今回はこういったバトロワゲームの歴史からヒットの要因までをまとめて解説します。
バトロワゲームの定義と歴史
まず、バトロワゲームの定義ですが、ゲーマーの間では「複数人~100人程度のプレイヤーたちが1つのフィールドに入って、最後の1人(1チーム)になるまでサバイバルを続ける」というのが一般的な共通見解になっていると思います。もちろん、現代のバトロワのプレイヤーたちはインターネットで繋がっていて、世界中のプレイヤーが1つのフィールドに集まってサバイバルバトルを繰り広げます。ですが、上記の定義を広義で考えれば、1990年にPCエンジン版として登場した『ボンバーマン』がバトロワゲームの元祖ではないかと思います。
PCエンジン版の『ボンバーマン』は最大5人での対戦が可能で、爆弾を設置してその爆風に巻き込むことで相手をやっつけ、最後の1人になるのを目指します。
その後、スマブラの略称でおなじみの『大乱闘スマッシュブラザーズ』が登場。本作も最後の1人になるという意味ではバトロワゲームと言っていいと思います。とはいえ、現在のバトロワのイメージとはちょっと違いますよね。
おそらく、現代のバトロワゲームの狭義のイメージは、「フィールド内にランダムに点在する武器やアイテムを拾い集めながら、時間によって狭まっていく安全地帯に移動しつつ、最後の1人(1チーム)になるまで生き残るゲーム」だと思います。

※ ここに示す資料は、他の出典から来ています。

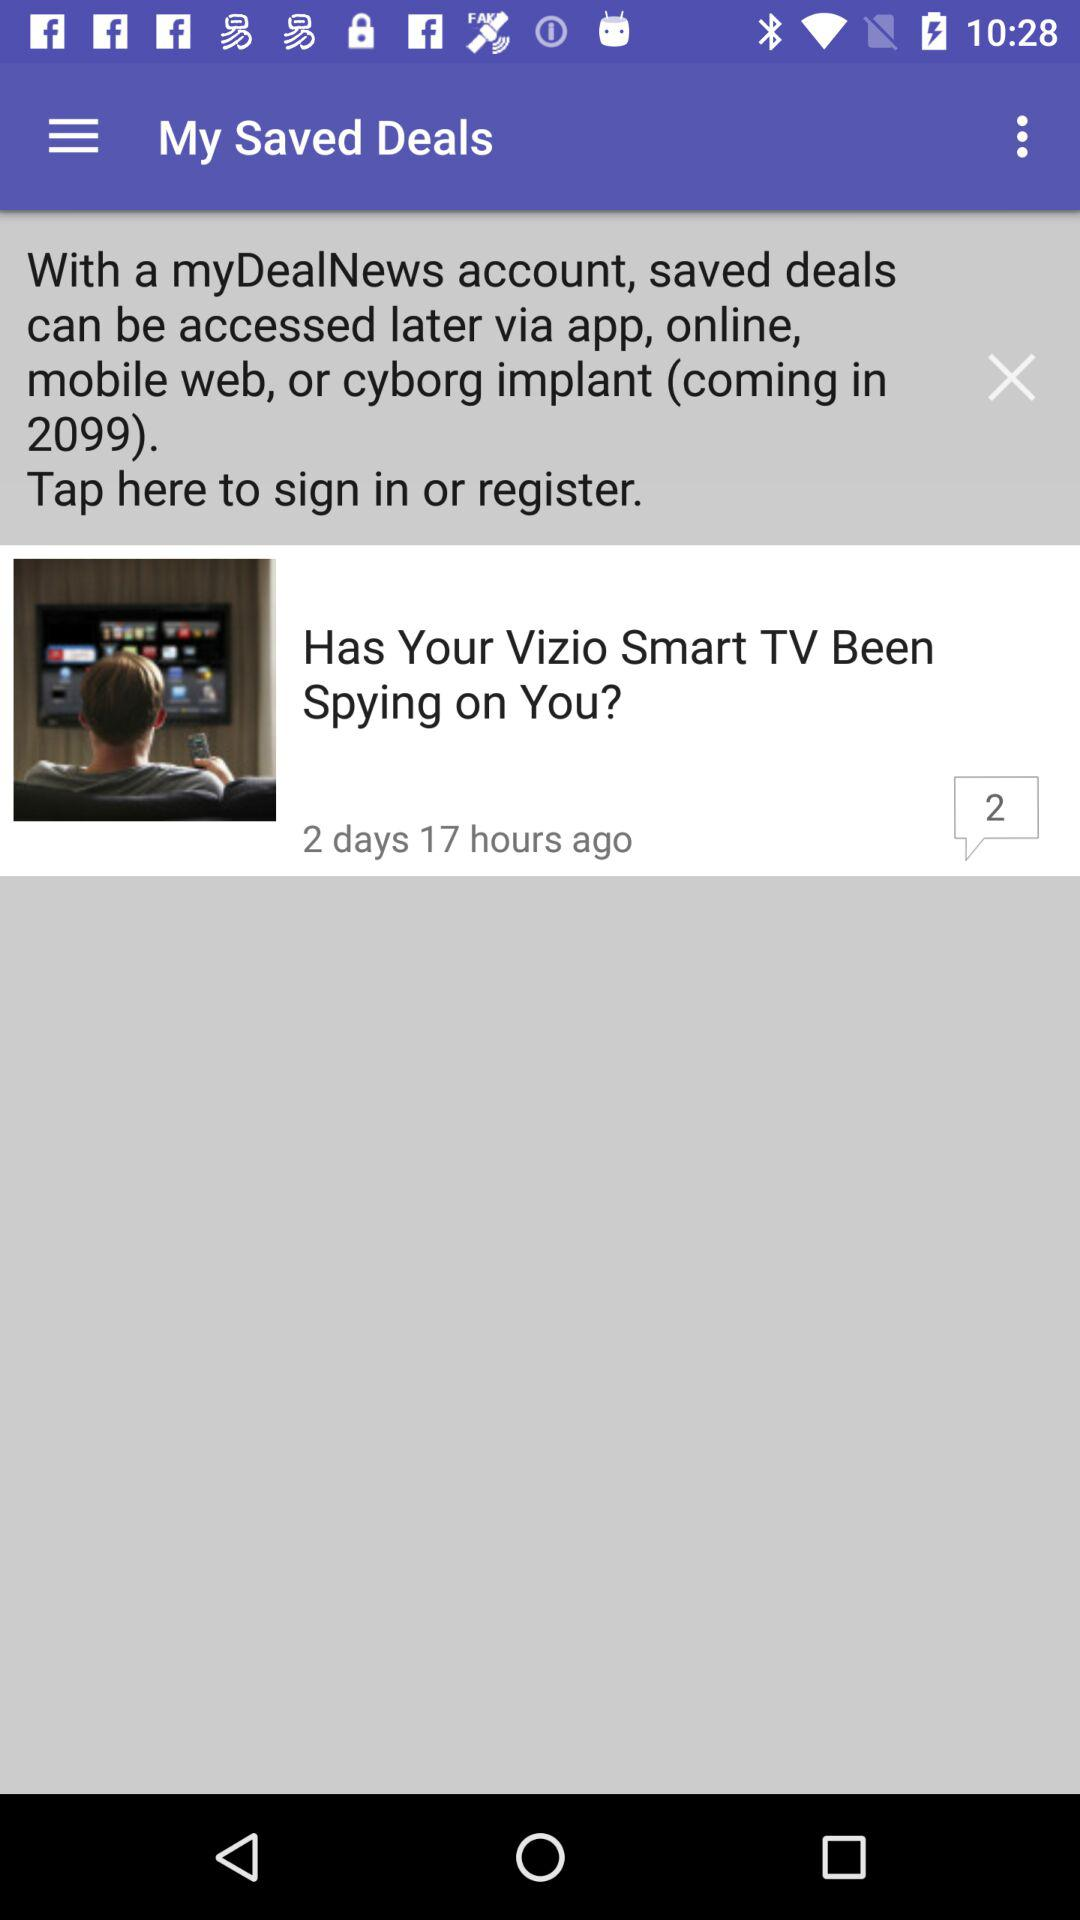How many comments are there for "Has Your Vizio Smart TV Been Spying on You?"? There are two comments. 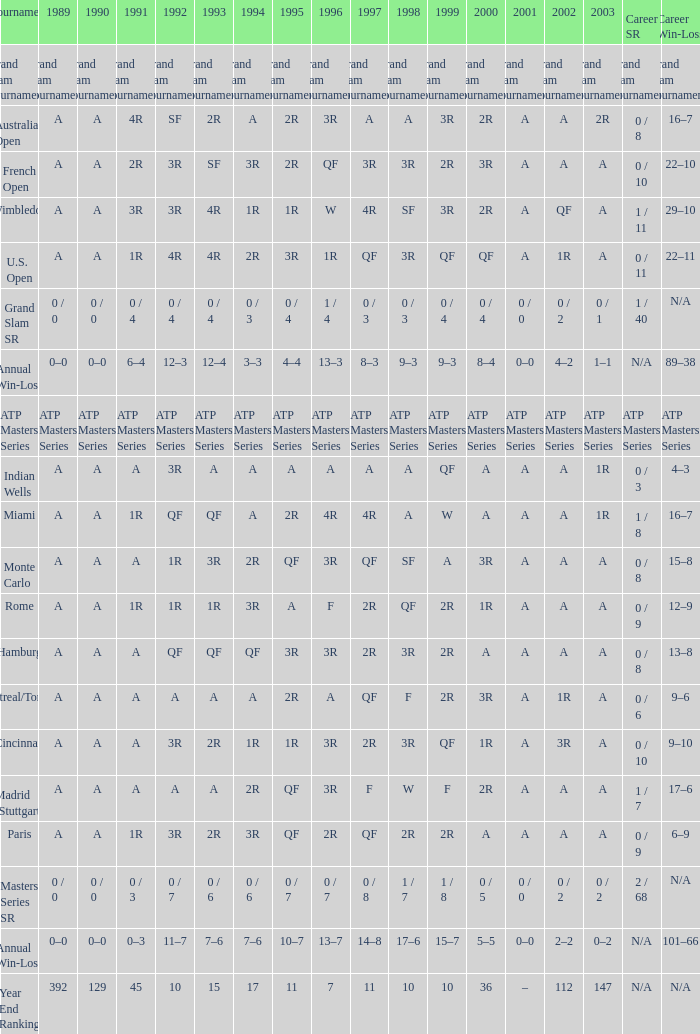What was the career SR with a value of A in 1980 and F in 1997? 1 / 7. 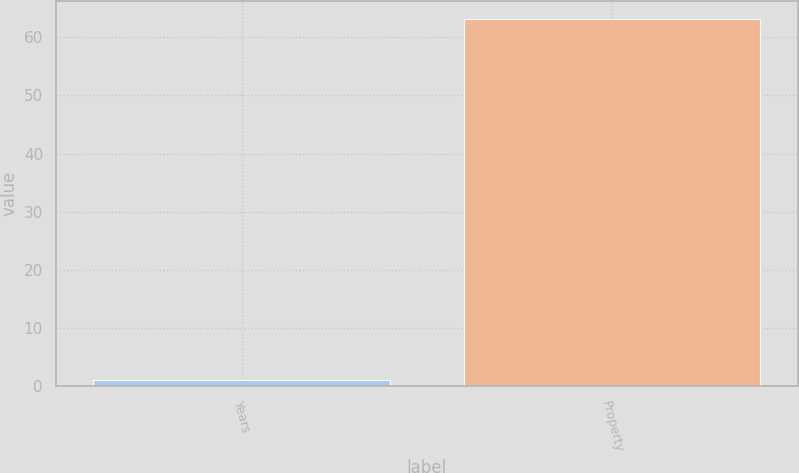<chart> <loc_0><loc_0><loc_500><loc_500><bar_chart><fcel>Years<fcel>Property<nl><fcel>1<fcel>63.1<nl></chart>

この定義で考えると、おそらく元祖的タイトルは『PlayerUnknown's Battlegrounds』(PUBG)だと言えるでしょう。2017年12月に正式サービスが開始されたPUBGは、当初はPC版のみでスタート。その後、家庭用ゲーム機版、スマホ版(PUBGモバイル)を展開しています。
PUBGが世界的に大ヒットを記録したこともあって、これを契機に多数のバトロワゲームが市場を賑わすことになります。バトロワに建築要素を加えた『フォートナイト』、中国開発の『荒野行動』、キャラに能力付けをした『Apex Legedns』など、ゲーマーでなくても聞いたことがあるタイトルが続々と登場し、「バトロワ」という1つのゲームジャンルを確立していきます。
ここで挙げたタイトルはどれもグラフィックがきれいで面白いゲームですが、それだけではヒットは望めないのが現在のゲームの世界。厳しい競争がある中、これらのバトロワゲームがヒットした要因はなんなのでしょうか?
基本プレイ無料のビジネスモデル
スマホゲームではもはや当たり前の「基本プレイ無料」(アイテム課金制)のビジネスモデルですが、ここで挙げたヒットバトロワゲームはすべてこのスタイルです(PUBGは有料ですが、モバイル版は基本プレイ無料)。ゲーマーにとって基本プレイ無料は開始までのハードルが低く、自分にあった1作を見つけやすくもあります。課金要素としては、キャラクターや武器などの見た目を変更するためのスキン販売が一般的で、「課金をする=強くなる」ではないこともあって、プレイヤーの腕前がゲーム内に反映されるシステムも受け入れられています。
プレイヤーとしても視聴者としても楽しい
ここ数年、新型コロナウイルスによる影響で巣ごもり需要が増え続けていますが、ゲームにもこの影響が色濃く出ています。従来は「ゲーム=プレイするもの」という認識が一般的でしたが、「ゲーム=視聴しても楽しむ」という図式ができあがってきました。実際、YouTubeを始めとする動画プラットフォームでもゲーム実況やゲーム配信は1つのジャンルとして人気を獲得していますし、タレントがゲーム配信をして数万人の同時視聴者数を記録することも珍しくありません。
バトロワというジャンルは、ゲームルールがあまり複雑ではないことに加え、安全地帯が狭まっていく様子や誰かに狙われているのではないかという緊張感もあって、視聴する側も楽しめる要素が満載です。
視聴コンテンツとして向いており、一発逆転のチャンスがあってダレることなく見ていて楽しいのもヒットの要因でしょう。
eスポーツタイトルとしての盛り上がり
今や大手企業も続々と参入しているeスポーツの世界。このeスポーツでもバトロワタイトルは人気となっています。NTTドコモが運営するeスポーツリーグ「X-MOMENT」ではPUBGモバイルが採用されてますし、今年5月に終了した『荒野行動』の「荒野王者決定戦」では、賞金総額の最大上限1億円という夢のあるイベントも行われました。2021年下半期も、各社からバトロワタイトルの新作投入は続く見込みです。どんな新作で私たちを楽しませてくれるのでしょうか?